UK military may break NATO pledges, MPs warn
The UK’s plan for arming its military is a “broken system” and government ministers may struggle to meet crucial commitments to NATO, a prominent group of MPs has warned.
A critical report into the Ministry of Defence’s (MoD) plans to buy military equipment found a “cycle of costly delay and failure” and an ignoring of the “worsening economic environment”.
MPs on the Public Accounts Committee (PAC) said they had “serious doubts” whether the MoD’s equipment plan – a rolling, decade-long initiative to kit out the army, air force and navy – was responsive enough to react to a “more dangerous international situation”, following Russia’s illegal invasion of Ukraine.

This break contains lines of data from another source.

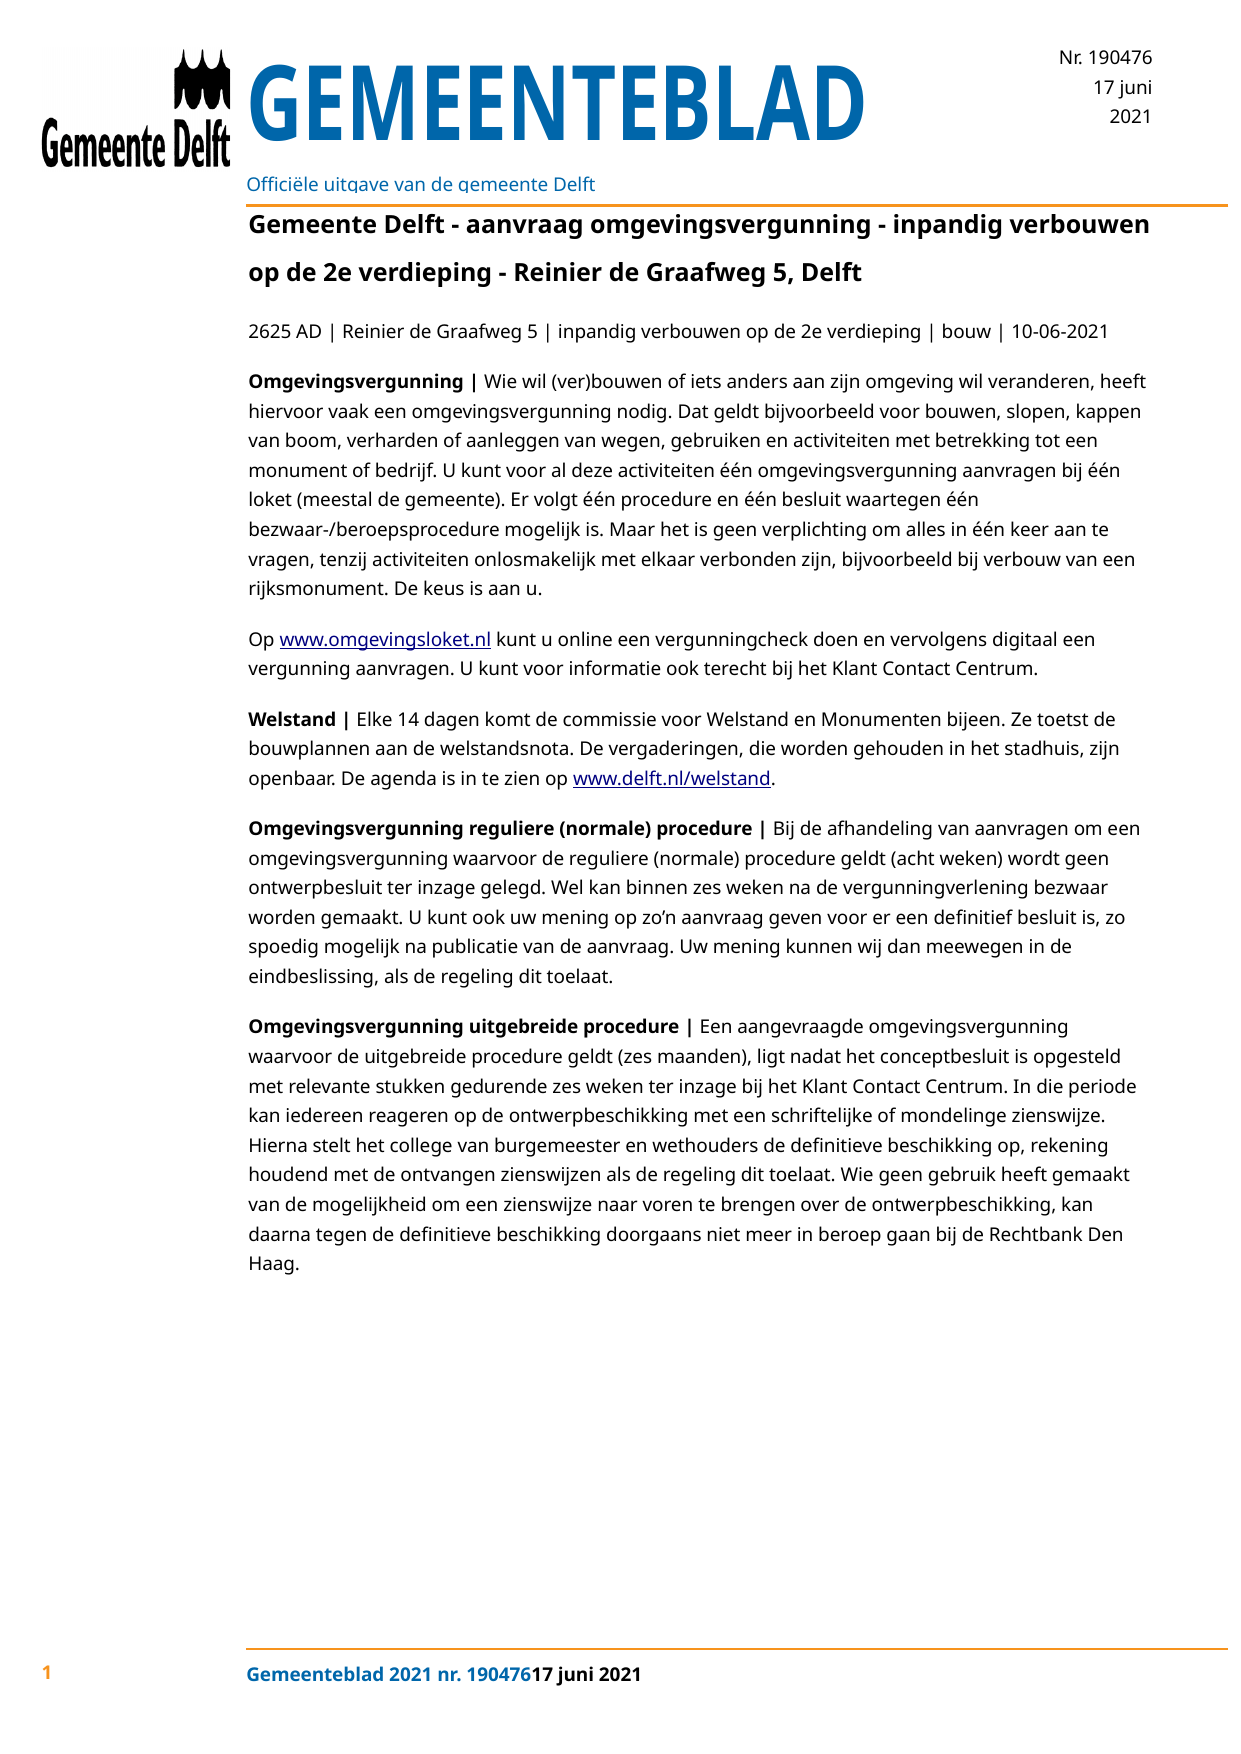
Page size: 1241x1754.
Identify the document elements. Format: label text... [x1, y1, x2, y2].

text Omgevingsvergunning | Wie wil (ver)bouwen of iets anders aan zijn omgeving wil veranderen, heeft hiervoor vaak een omgevingsvergunning nodig. Dat geldt bijvoorbeeld voor bouwen, slopen, kappen van boom, verharden of aanleggen van wegen, gebruiken en activiteiten met betrekking tot een monument of bedrijf. U kunt voor al deze activiteiten één omgevingsvergunning aanvragen bij één loket (meestal de gemeente). Er volgt één procedure en één besluit waartegen één bezwaar-/beroepsprocedure mogelijk is. Maar het is geen verplichting om alles in één keer aan te vragen, tenzij activiteiten onlosmakelijk met elkaar verbonden zijn, bijvoorbeeld bij verbouw van een rijksmonument. De keus is aan u. [248, 368, 1152, 601]
text Gemeente Delft - aanvraag omgevingsvergunning - inpandig verbouwen op de 2e verdieping - Reinier de Graafweg 5, Delft [248, 207, 1152, 288]
text Op www.omgevingsloket.nl kunt u online een vergunningcheck doen en vervolgens digitaal een vergunning aanvragen. U kunt voor informatie ook terecht bij het Klant Contact Centrum. [248, 626, 1152, 681]
text Welstand | Elke 14 dagen komt de commissie voor Welstand en Monumenten bijeen. Ze toetst de bouwplannen aan de welstandsnota. De vergaderingen, die worden gehouden in het stadhuis, zijn openbaar. De agenda is in te zien op www.delft.nl/welstand. [248, 706, 1152, 791]
picture [41, 47, 231, 172]
text 2625 AD | Reinier de Graafweg 5 | inpandig verbouwen op de 2e verdieping | bouw | 10-06-2021 [248, 318, 1152, 344]
text Omgevingsvergunning reguliere (normale) procedure | Bij de afhandeling van aanvragen om een omgevingsvergunning waarvoor de reguliere (normale) procedure geldt (acht weken) wordt geen ontwerpbesluit ter inzage gelegd. Wel kan binnen zes weken na de vergunningverlening bezwaar worden gemaakt. U kunt ook uw mening op zo’n aanvraag geven voor er een definitief besluit is, zo spoedig mogelijk na publicatie van de aanvraag. Uw mening kunnen wij dan meewegen in de eindbeslissing, als de regeling dit toelaat. [248, 815, 1152, 989]
text Omgevingsvergunning uitgebreide procedure | Een aangevraagde omgevingsvergunning waarvoor de uitgebreide procedure geldt (zes maanden), ligt nadat het conceptbesluit is opgesteld met relevante stukken gedurende zes weken ter inzage bij het Klant Contact Centrum. In die periode kan iedereen reageren op de ontwerpbeschikking met een schriftelijke of mondelinge zienswijze. Hierna stelt het college van burgemeester en wethouders de definitieve beschikking op, rekening houdend met de ontvangen zienswijzen als de regeling dit toelaat. Wie geen gebruik heeft gemaakt van de mogelijkheid om een zienswijze naar voren te brengen over de ontwerpbeschikking, kan daarna tegen de definitieve beschikking doorgaans niet meer in beroep gaan bij de Rechtbank Den Haag. [248, 1014, 1152, 1276]

In its report, the committee, led by Dame Meg Hillier, wrote: “If the MoD does not act swiftly to address the fragility of its supply chain, replenish its stocks, and modernise its capabilities, there is a risk the UK might struggle to maintain its essential contribution to NATO.”

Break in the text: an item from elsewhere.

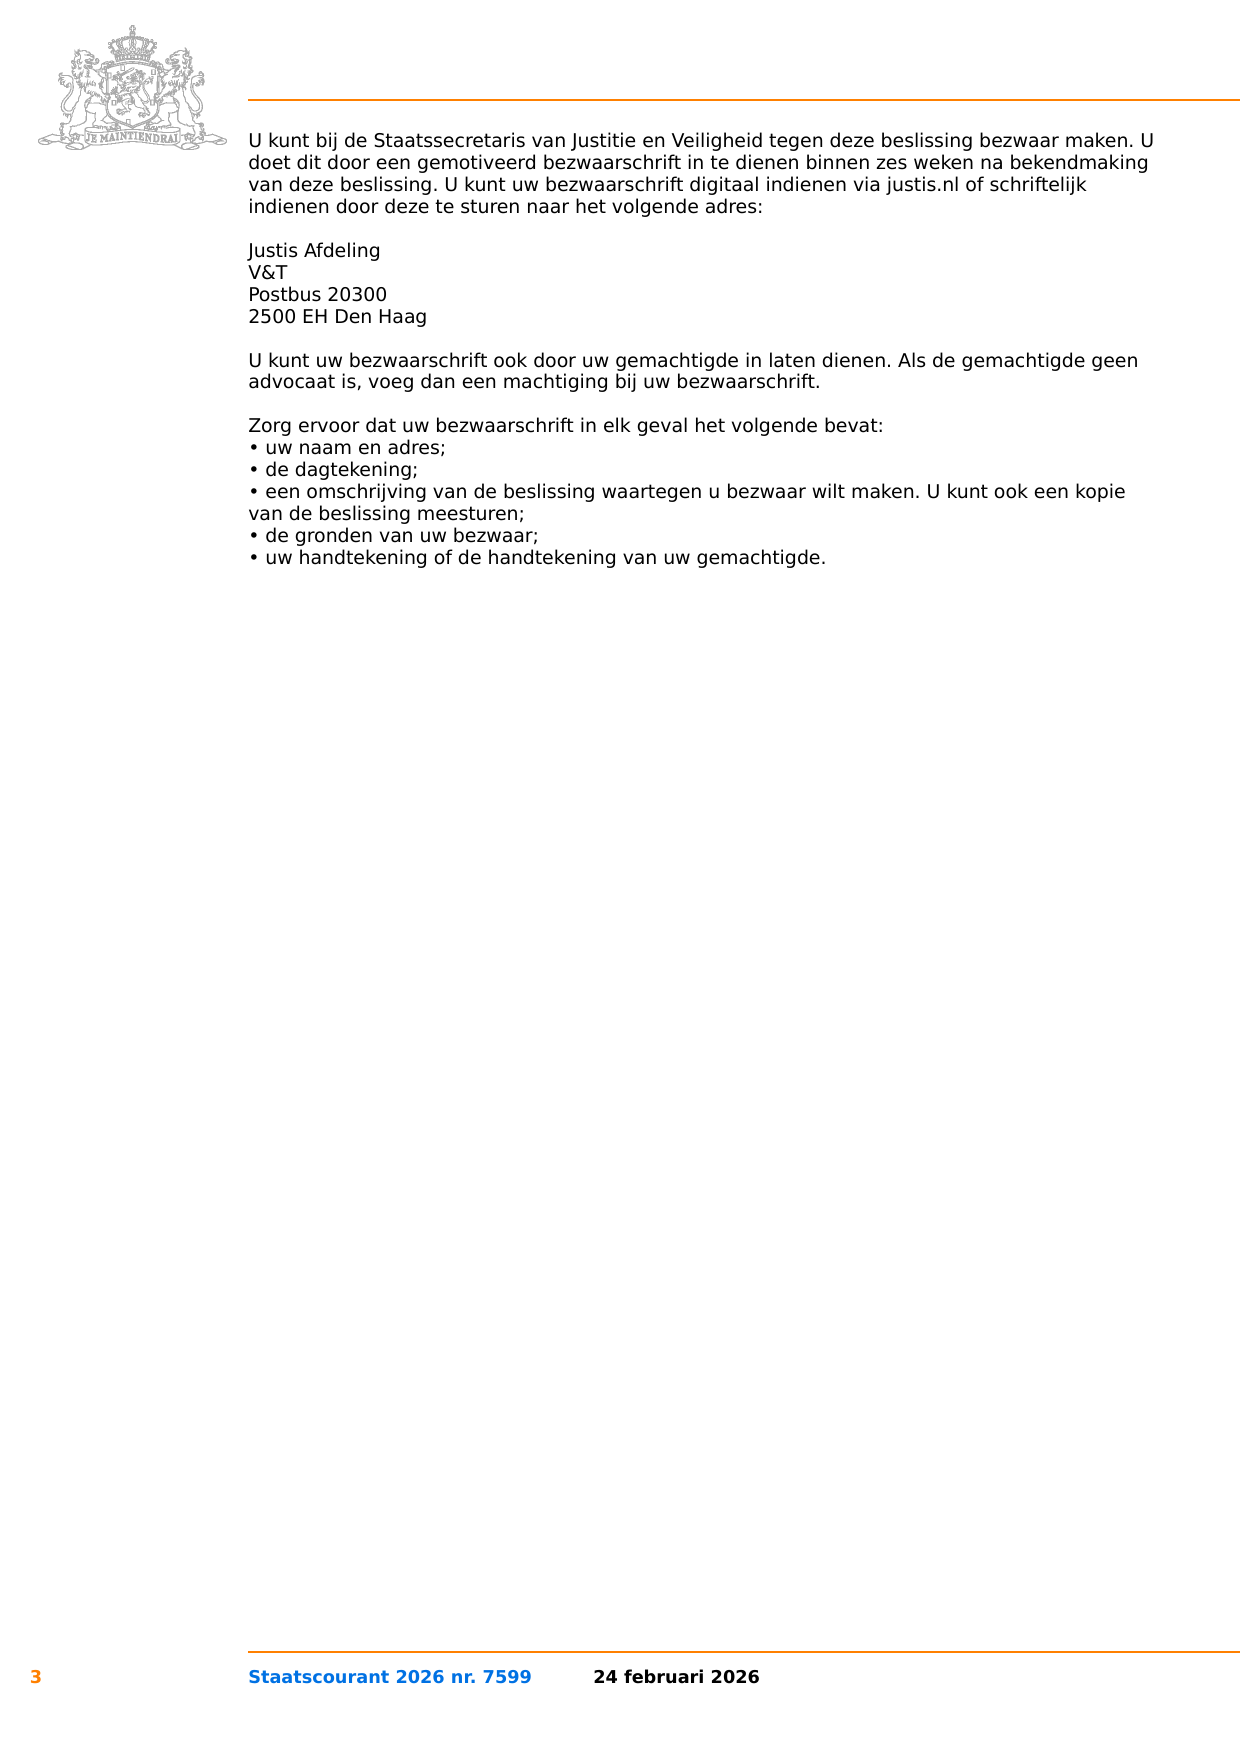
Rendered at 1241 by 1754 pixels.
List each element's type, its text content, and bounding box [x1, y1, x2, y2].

MPs said they saw the same “multi-billion” procurement problems each year, as military “equipment arrives into service many years late and significantly over-budget, with depressing regularity.
“Neither taxpayers nor our armed forces are being served well. There needs to be meaningful change of this broken system. “
‘Unsubstantiated?’
The MoD says its military equipment plans, which run until 2032 and take up 46 per cent of the department’s £242.3bn budget over 1,800 projects, are affordable, MPs noted, but said they suffered from “optimism bias” and relied on an additional £5.2bn going into the budget.

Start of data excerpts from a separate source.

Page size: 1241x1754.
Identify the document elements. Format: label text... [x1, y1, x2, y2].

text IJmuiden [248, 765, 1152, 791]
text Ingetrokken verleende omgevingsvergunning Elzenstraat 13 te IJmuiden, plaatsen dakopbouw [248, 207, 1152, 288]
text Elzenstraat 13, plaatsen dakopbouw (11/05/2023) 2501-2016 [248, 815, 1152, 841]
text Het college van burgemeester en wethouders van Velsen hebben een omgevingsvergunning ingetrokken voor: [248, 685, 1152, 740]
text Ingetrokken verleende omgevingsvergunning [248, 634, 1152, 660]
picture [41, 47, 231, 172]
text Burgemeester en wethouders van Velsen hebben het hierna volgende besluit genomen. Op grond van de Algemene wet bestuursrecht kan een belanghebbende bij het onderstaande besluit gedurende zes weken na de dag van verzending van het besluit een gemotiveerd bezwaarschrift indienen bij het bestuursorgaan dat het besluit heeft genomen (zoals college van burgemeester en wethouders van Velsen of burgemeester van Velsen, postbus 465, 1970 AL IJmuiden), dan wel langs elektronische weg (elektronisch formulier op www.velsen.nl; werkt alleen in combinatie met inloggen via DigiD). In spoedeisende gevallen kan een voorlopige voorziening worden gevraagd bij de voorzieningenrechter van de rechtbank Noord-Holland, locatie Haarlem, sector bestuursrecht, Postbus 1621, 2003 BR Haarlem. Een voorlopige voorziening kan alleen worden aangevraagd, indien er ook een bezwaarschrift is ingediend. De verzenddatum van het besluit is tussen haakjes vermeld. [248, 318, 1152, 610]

Recommendations in the report included reassessing the affordability of its plans; quickly achieving assumed savings; and improving the scale and efficiency of its supply chain.
An MoD spokesperson said claims the plan had not learned from conflict in Ukraine was “unsubstantiated” and that the department had not needed to “substantially reform” its equipment pipeline.
“Nor do we recognise the broken procurement system painted by this report,” they said. “[We] routinely assess time, cost and risk factors on all projects, and deliver the vast majority on time and in budget, and we have made numerous changes to improve procurement practices where projects have fallen short.”